- **INFORMATION SUPPLIED**:
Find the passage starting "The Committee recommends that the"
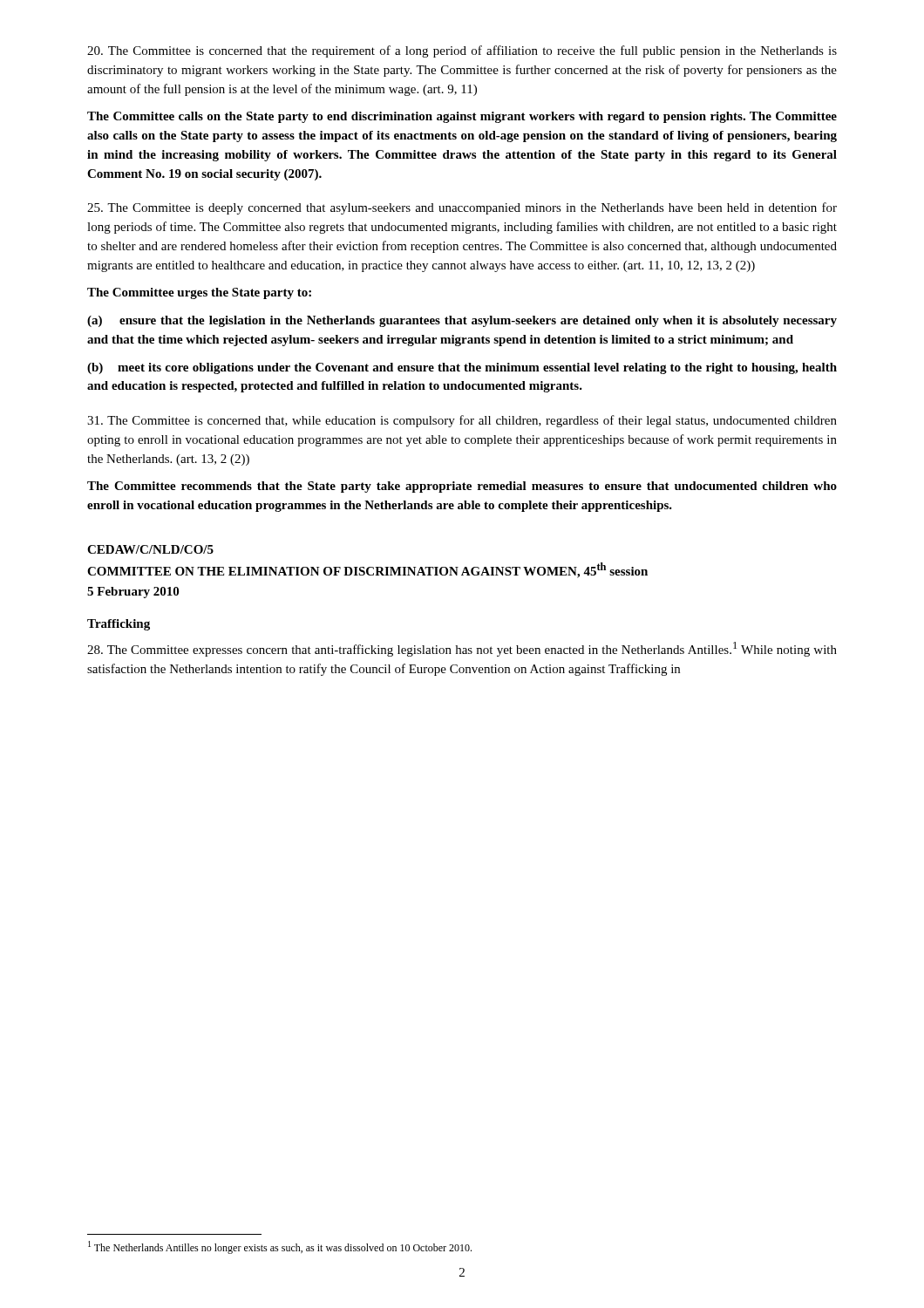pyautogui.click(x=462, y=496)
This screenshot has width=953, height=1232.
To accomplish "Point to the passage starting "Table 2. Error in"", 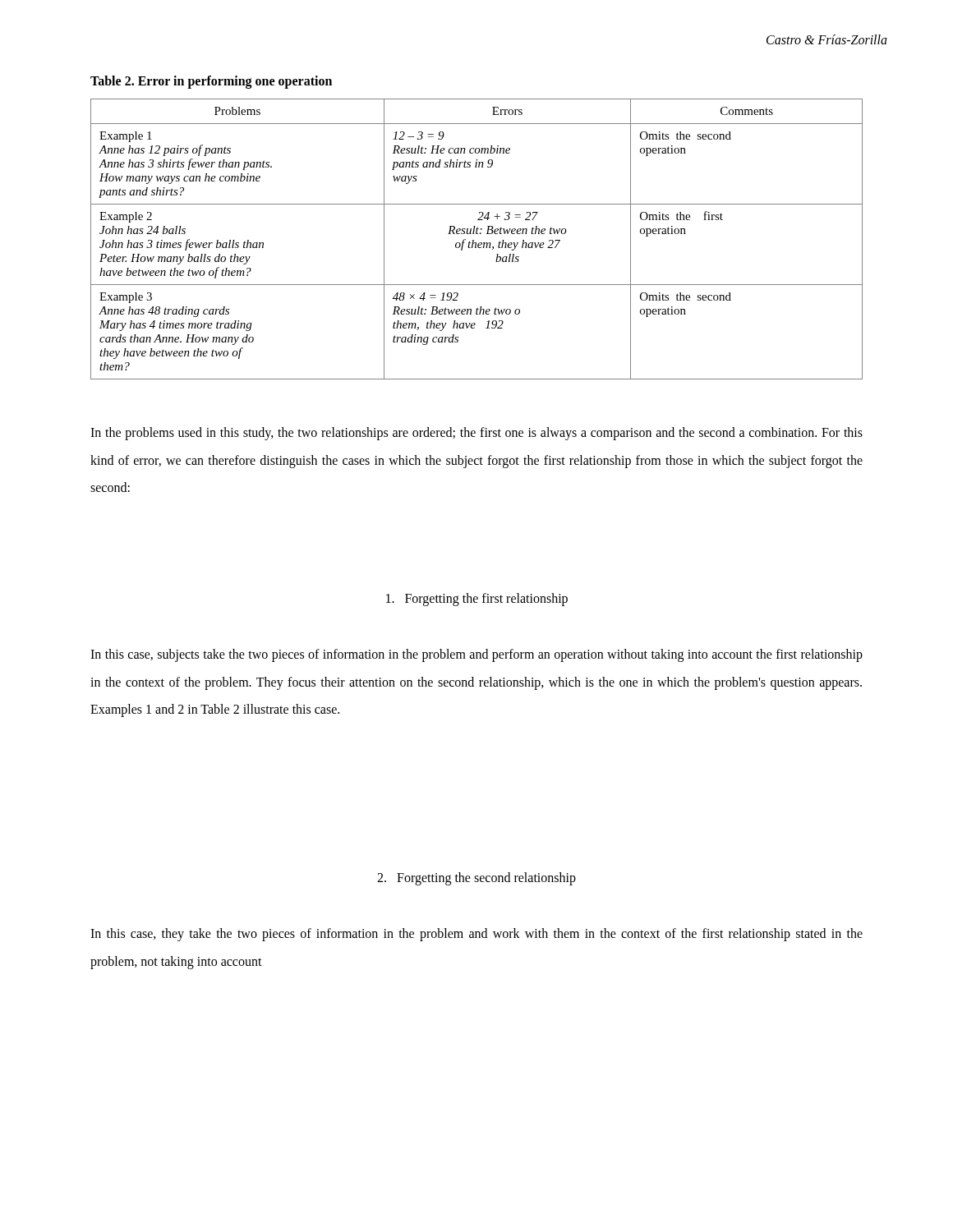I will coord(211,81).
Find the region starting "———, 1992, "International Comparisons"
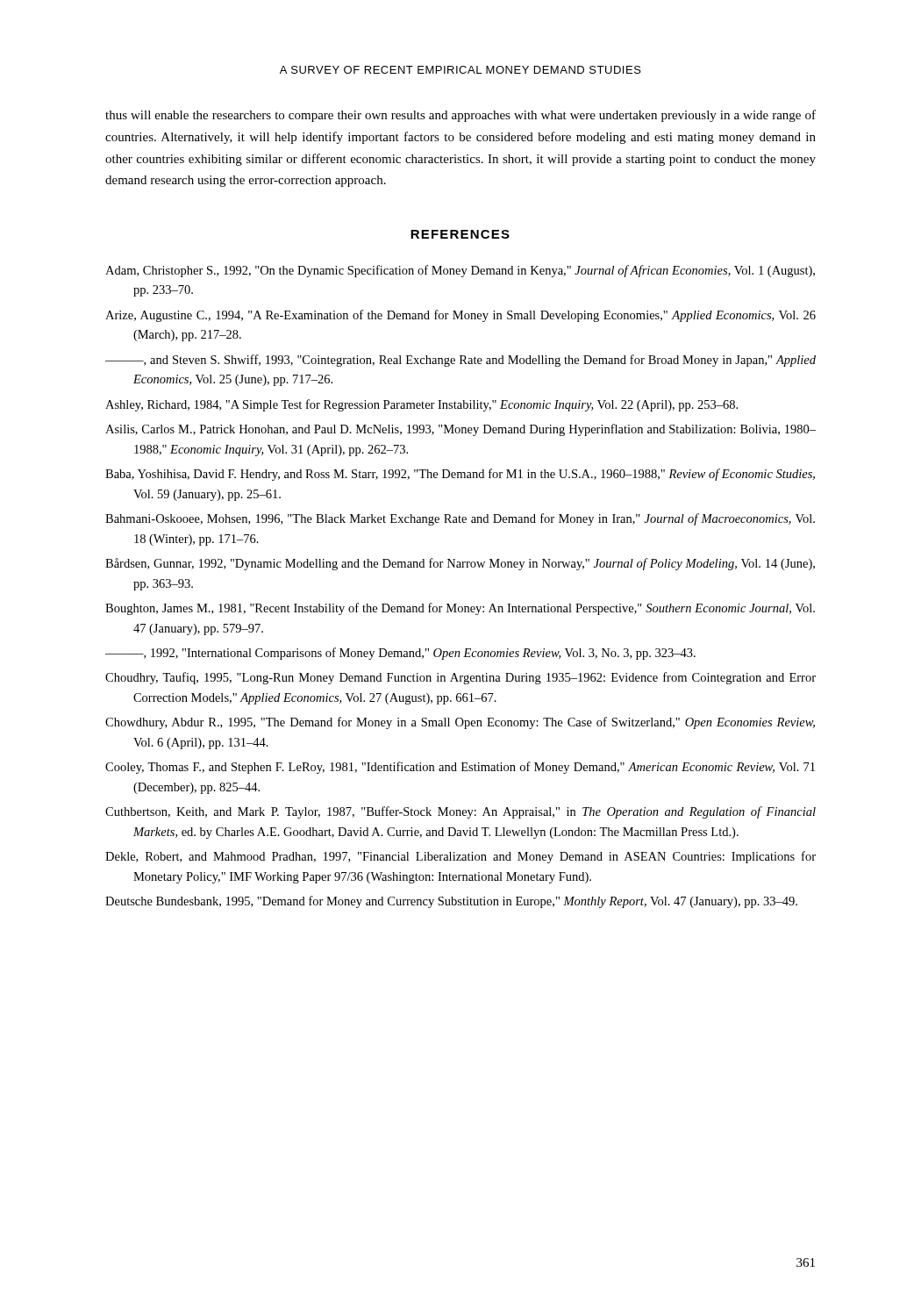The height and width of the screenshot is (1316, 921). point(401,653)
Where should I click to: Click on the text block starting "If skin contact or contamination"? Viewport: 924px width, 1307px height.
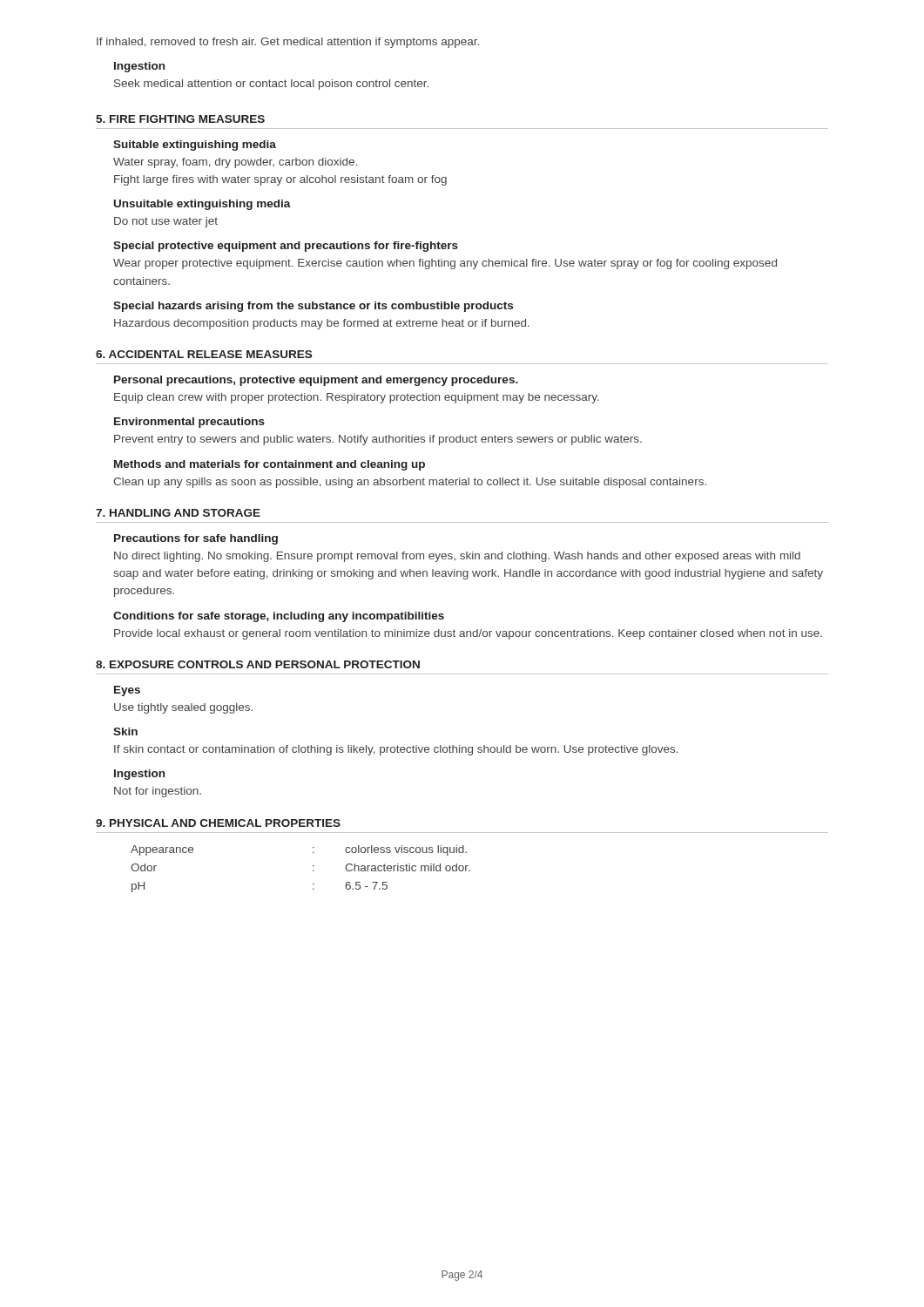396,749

- **TASK OBJECTIVE**: Could you reproduce exactly, and only, the lines from the one containing "Find the region" through the end of the records above, both included, while leaving out the pictures?

- **RESPONSE TO THE TASK**:
Find the region starting "———, 1992, "International Comparisons"
The height and width of the screenshot is (1316, 921). point(401,653)
Where should I click to: Click on the text block starting "If skin contact or contamination"? Viewport: 924px width, 1307px height.
396,749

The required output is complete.